### Try it
In the data that follows, find the line with "#3 person at [749, 435, 845, 627]"; transcribe it, every later line up to the one with "euler: [roll, pitch, yaw]", and that line as well, exactly and with no others.

### Dataset entries

● ● ● ● ● ● ●

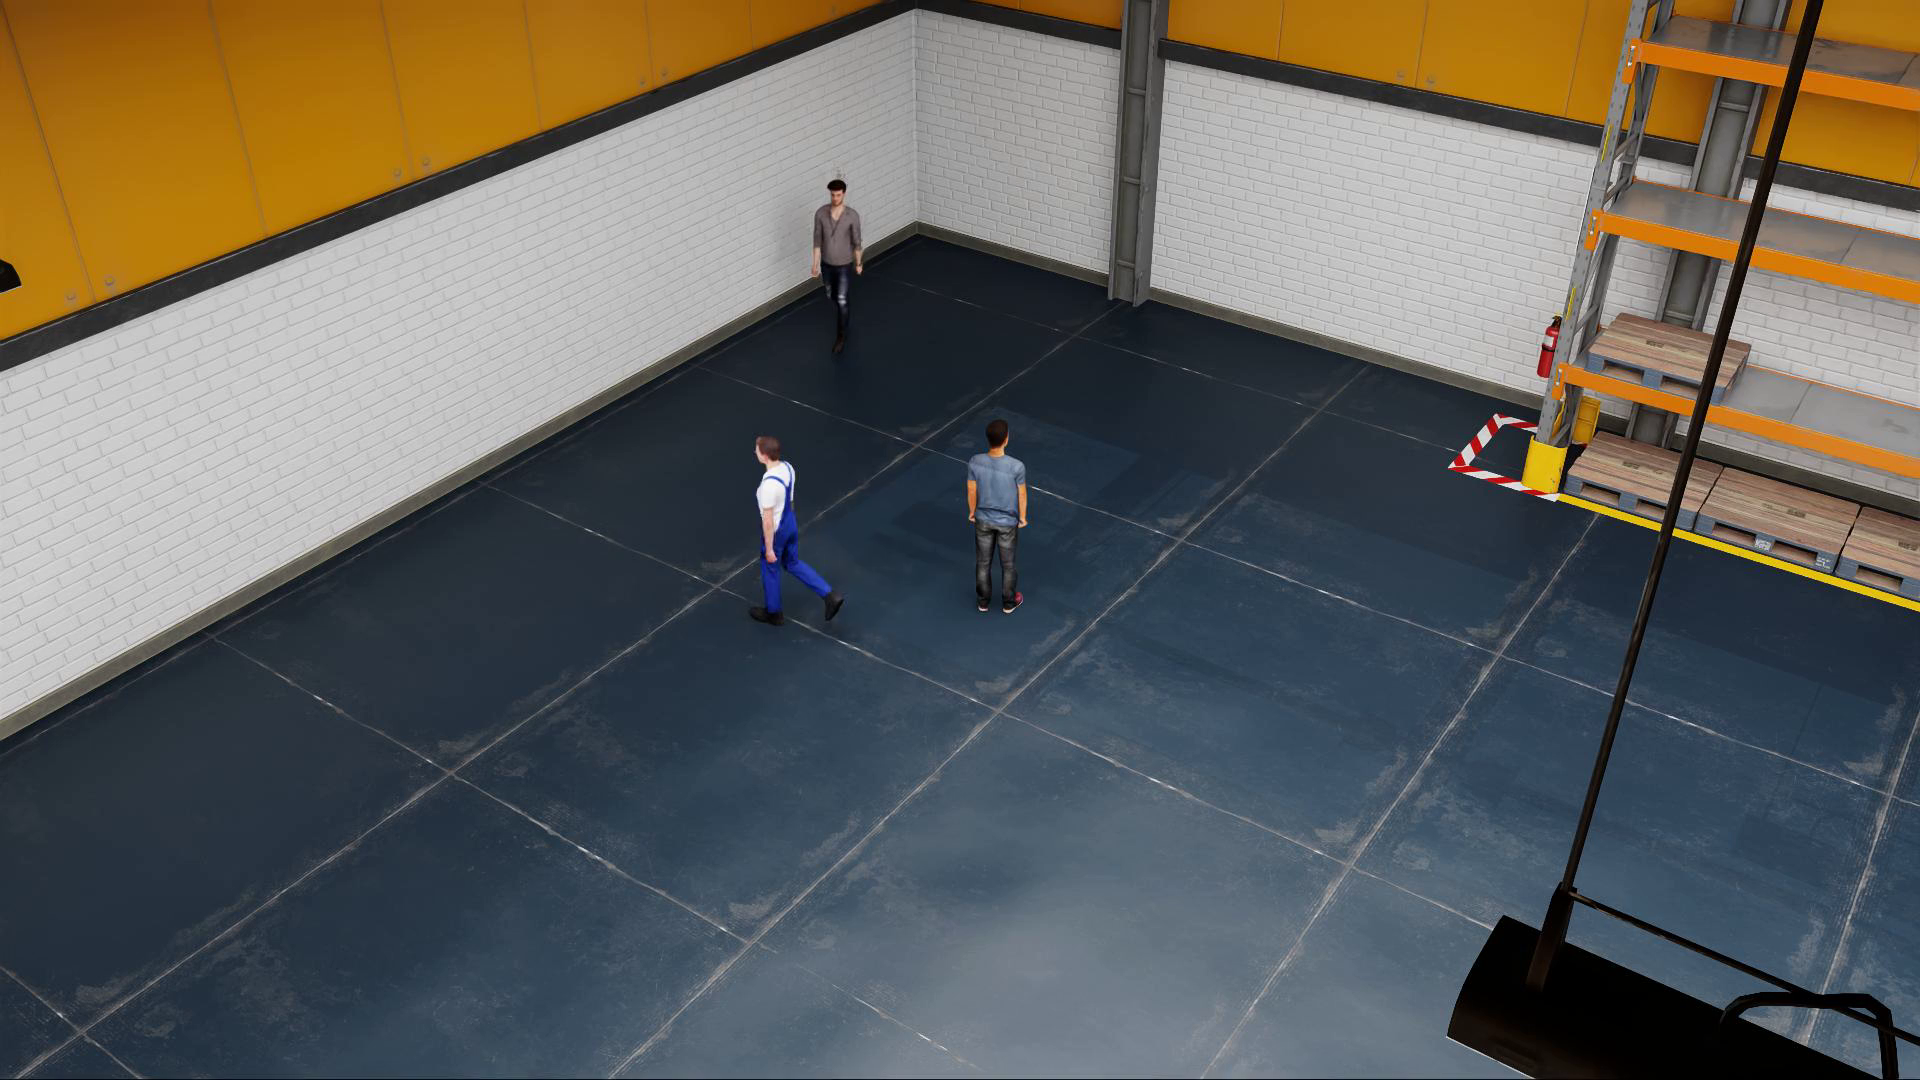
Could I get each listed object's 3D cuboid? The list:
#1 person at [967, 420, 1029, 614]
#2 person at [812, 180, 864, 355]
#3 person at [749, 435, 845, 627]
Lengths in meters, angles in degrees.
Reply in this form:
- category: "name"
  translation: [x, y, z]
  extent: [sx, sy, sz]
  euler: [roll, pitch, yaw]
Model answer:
- category: "person"
  translation: [0.309, -0.185, 13.926]
  extent: [0.627, 1.805, 0.787]
  euler: [7, 34, 10]
- category: "person"
  translation: [-1.323, -3.056, 18.186]
  extent: [1.199, 1.871, 1.003]
  euler: [9, 35, 13]
- category: "person"
  translation: [-1.399, -0.033, 13.669]
  extent: [1.148, 1.836, 0.809]
  euler: [12, 35, 17]
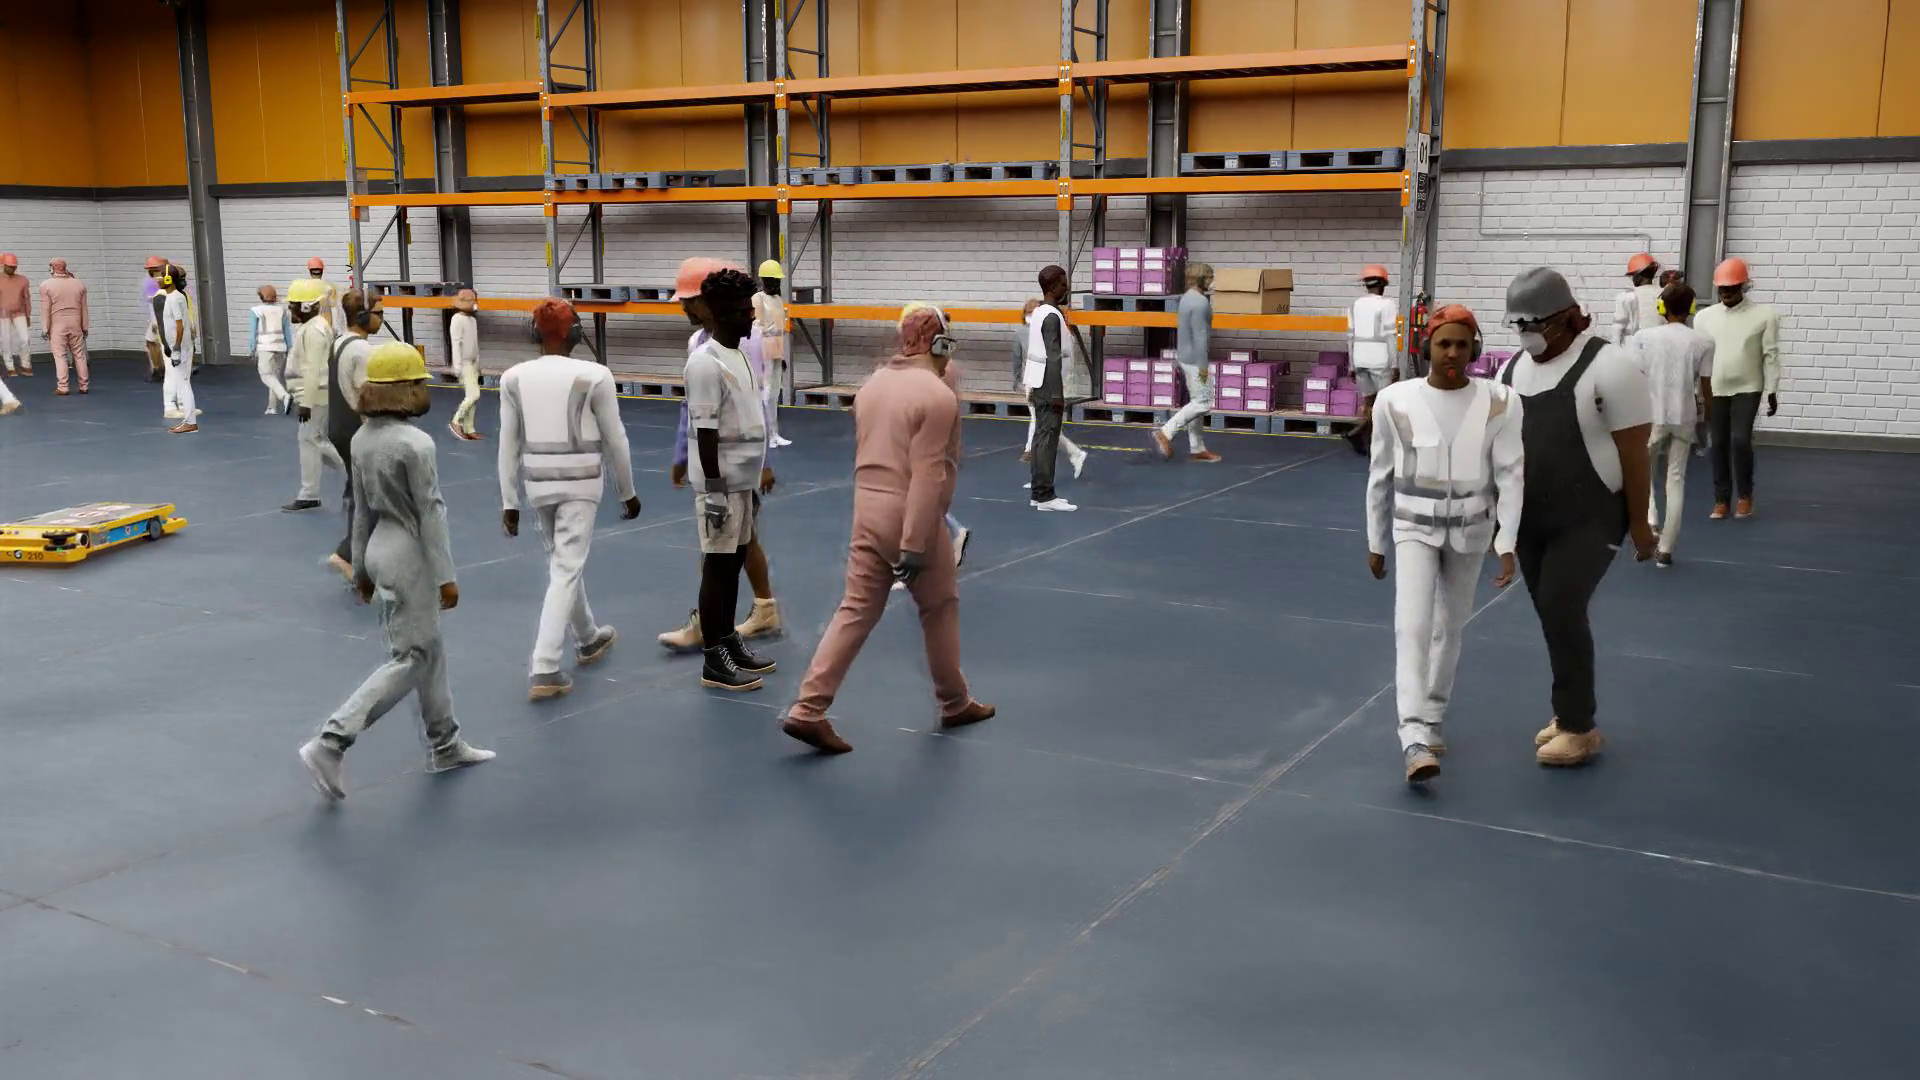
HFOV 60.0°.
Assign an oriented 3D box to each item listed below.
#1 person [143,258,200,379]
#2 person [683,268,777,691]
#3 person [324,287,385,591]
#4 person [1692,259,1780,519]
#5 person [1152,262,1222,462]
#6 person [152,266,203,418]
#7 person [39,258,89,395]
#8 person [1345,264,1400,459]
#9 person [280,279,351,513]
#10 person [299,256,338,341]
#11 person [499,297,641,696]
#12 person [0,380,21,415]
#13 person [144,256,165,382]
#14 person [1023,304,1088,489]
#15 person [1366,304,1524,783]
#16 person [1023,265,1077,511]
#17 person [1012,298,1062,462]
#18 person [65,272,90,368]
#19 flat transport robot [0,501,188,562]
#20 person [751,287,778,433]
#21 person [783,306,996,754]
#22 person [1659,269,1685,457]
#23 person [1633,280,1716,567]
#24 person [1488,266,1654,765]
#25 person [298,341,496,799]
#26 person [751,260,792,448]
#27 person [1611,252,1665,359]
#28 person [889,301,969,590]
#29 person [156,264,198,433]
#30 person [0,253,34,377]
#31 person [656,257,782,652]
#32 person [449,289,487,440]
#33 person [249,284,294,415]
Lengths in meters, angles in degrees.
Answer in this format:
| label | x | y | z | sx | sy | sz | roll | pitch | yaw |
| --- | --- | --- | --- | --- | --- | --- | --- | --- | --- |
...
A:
| label | x | y | z | sx | sy | sz | roll | pitch | yaw |
| --- | --- | --- | --- | --- | --- | --- | --- | --- | --- |
| person | -12.371 | -3.449 | 25.979 | 1.035 | 1.876 | 0.643 | 6 | 12 | 32 |
| person | -1.085 | -0.288 | 7.835 | 0.365 | 1.965 | 0.608 | 1 | 10 | 8 |
| person | -3.556 | -0.583 | 9.907 | 0.415 | 1.827 | 0.547 | -9 | 13 | -40 |
| person | 5.810 | -1.117 | 12.535 | 0.638 | 1.963 | 0.516 | 9 | 13 | 41 |
| person | 2.190 | -1.679 | 15.840 | 0.603 | 1.925 | 0.651 | 0 | 10 | -2 |
| person | -9.487 | -2.397 | 20.178 | 0.432 | 1.834 | 0.628 | 2 | 10 | 10 |
| person | -12.490 | -2.967 | 23.180 | 0.403 | 1.904 | 0.652 | 7 | 12 | 35 |
| person | 3.964 | -1.715 | 16.089 | 0.613 | 1.908 | 0.608 | -7 | 12 | -35 |
| person | -5.025 | -1.123 | 12.986 | 0.598 | 1.817 | 0.617 | -4 | 11 | -21 |
| person | -9.108 | -3.053 | 23.615 | 0.551 | 1.920 | 0.422 | -4 | 11 | -19 |
| person | -1.859 | -0.223 | 7.884 | 0.579 | 1.833 | 1.004 | 3 | 10 | 17 |
| person | -12.013 | -2.421 | 20.393 | 0.902 | 1.808 | 0.636 | -1 | 10 | -5 |
| person | -12.157 | -3.326 | 25.179 | 0.669 | 1.912 | 0.566 | 2 | 10 | 14 |
| person | 0.824 | -1.257 | 14.310 | 0.638 | 1.616 | 0.526 | -4 | 11 | -23 |
| person | 1.880 | 0.021 | 6.442 | 0.575 | 1.831 | 0.991 | 1 | 10 | 8 |
| person | 0.700 | -1.191 | 13.078 | 0.392 | 1.922 | 0.592 | -1 | 10 | -8 |
| person | 0.799 | -1.589 | 16.303 | 0.521 | 1.582 | 0.849 | 7 | 12 | 33 |
| person | -15.156 | -3.750 | 28.380 | 0.501 | 1.633 | 0.285 | -6 | 12 | -31 |
| flat transport robot | -6.006 | -0.072 | 11.411 | 0.652 | 0.197 | 1.431 | 1 | 10 | 5 |
| person | -2.359 | -1.994 | 18.327 | 0.751 | 1.666 | 0.547 | 2 | 10 | 11 |
| person | -0.304 | -0.049 | 6.907 | 1.044 | 1.832 | 0.647 | -9 | 13 | -41 |
| person | 6.950 | -1.747 | 16.445 | 0.417 | 1.843 | 0.588 | 2 | 10 | 13 |
| person | 4.539 | -0.732 | 10.676 | 0.545 | 1.848 | 0.471 | 4 | 11 | 20 |
| person | 2.403 | -0.135 | 6.757 | 0.674 | 2.000 | 0.734 | -5 | 11 | -25 |
| person | -2.159 | 0.109 | 6.298 | 0.780 | 1.719 | 0.489 | -10 | 14 | -44 |
| person | -1.948 | -1.914 | 17.152 | 0.370 | 1.925 | 0.595 | 4 | 11 | 19 |
| person | 6.680 | -1.790 | 16.214 | 0.615 | 2.016 | 0.642 | -1 | 10 | -6 |
| person | -0.205 | -0.595 | 10.222 | 0.781 | 1.746 | 0.528 | -10 | 14 | -43 |
| person | -8.701 | -2.118 | 18.477 | 0.309 | 1.868 | 0.534 | -4 | 11 | -21 |
| person | -15.023 | -3.556 | 26.360 | 0.619 | 1.963 | 0.683 | -9 | 14 | -43 |
| person | -1.311 | -0.434 | 8.542 | 0.872 | 2.002 | 0.648 | -6 | 12 | -31 |
| person | -5.193 | -1.846 | 17.632 | 0.344 | 1.617 | 0.516 | 1 | 10 | 7 |
| person | -8.346 | -2.299 | 20.247 | 0.697 | 1.616 | 0.525 | 8 | 13 | 37 |
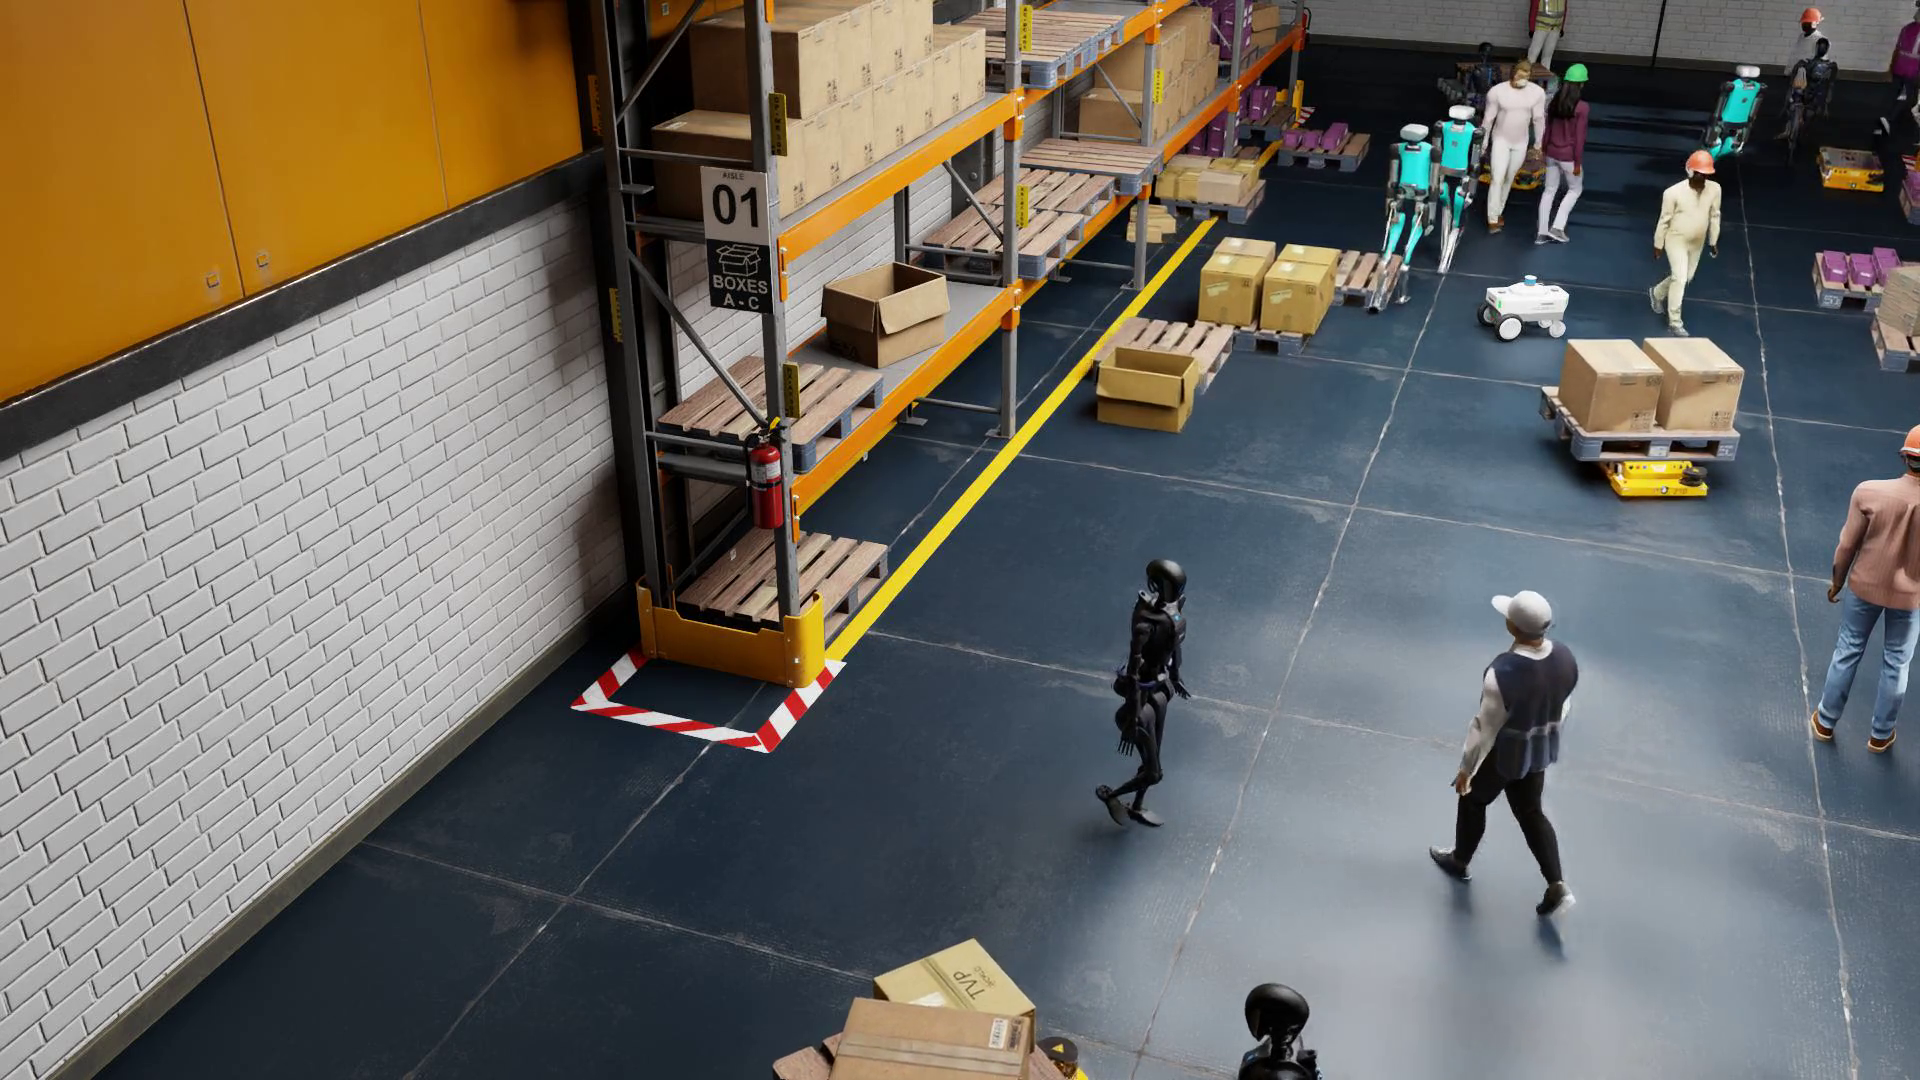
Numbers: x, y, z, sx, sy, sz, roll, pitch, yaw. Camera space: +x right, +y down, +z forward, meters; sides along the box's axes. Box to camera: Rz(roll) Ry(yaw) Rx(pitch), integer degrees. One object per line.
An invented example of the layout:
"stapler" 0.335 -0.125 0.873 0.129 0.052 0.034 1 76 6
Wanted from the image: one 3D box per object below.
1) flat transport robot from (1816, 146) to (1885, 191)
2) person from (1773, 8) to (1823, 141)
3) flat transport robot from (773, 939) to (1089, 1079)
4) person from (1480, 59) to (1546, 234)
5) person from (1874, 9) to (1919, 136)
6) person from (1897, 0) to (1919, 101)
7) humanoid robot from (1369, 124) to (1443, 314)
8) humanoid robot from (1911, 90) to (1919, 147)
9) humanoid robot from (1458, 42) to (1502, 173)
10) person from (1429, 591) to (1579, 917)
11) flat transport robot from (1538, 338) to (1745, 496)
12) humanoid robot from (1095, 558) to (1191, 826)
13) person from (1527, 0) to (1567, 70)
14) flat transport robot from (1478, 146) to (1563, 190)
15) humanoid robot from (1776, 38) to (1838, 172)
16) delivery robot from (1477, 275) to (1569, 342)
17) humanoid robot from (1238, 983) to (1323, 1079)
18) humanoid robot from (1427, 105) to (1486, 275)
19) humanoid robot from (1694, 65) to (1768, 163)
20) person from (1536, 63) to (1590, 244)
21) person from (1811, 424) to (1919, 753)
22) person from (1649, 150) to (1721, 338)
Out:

● ● ● ● ● ● ●

### Solution
#3 person at [749, 435, 845, 627]
Lengths in meters, angles in degrees.
Reply in this form:
- category: "name"
  translation: [x, y, z]
  extent: [sx, sy, sz]
  euler: [roll, pitch, yaw]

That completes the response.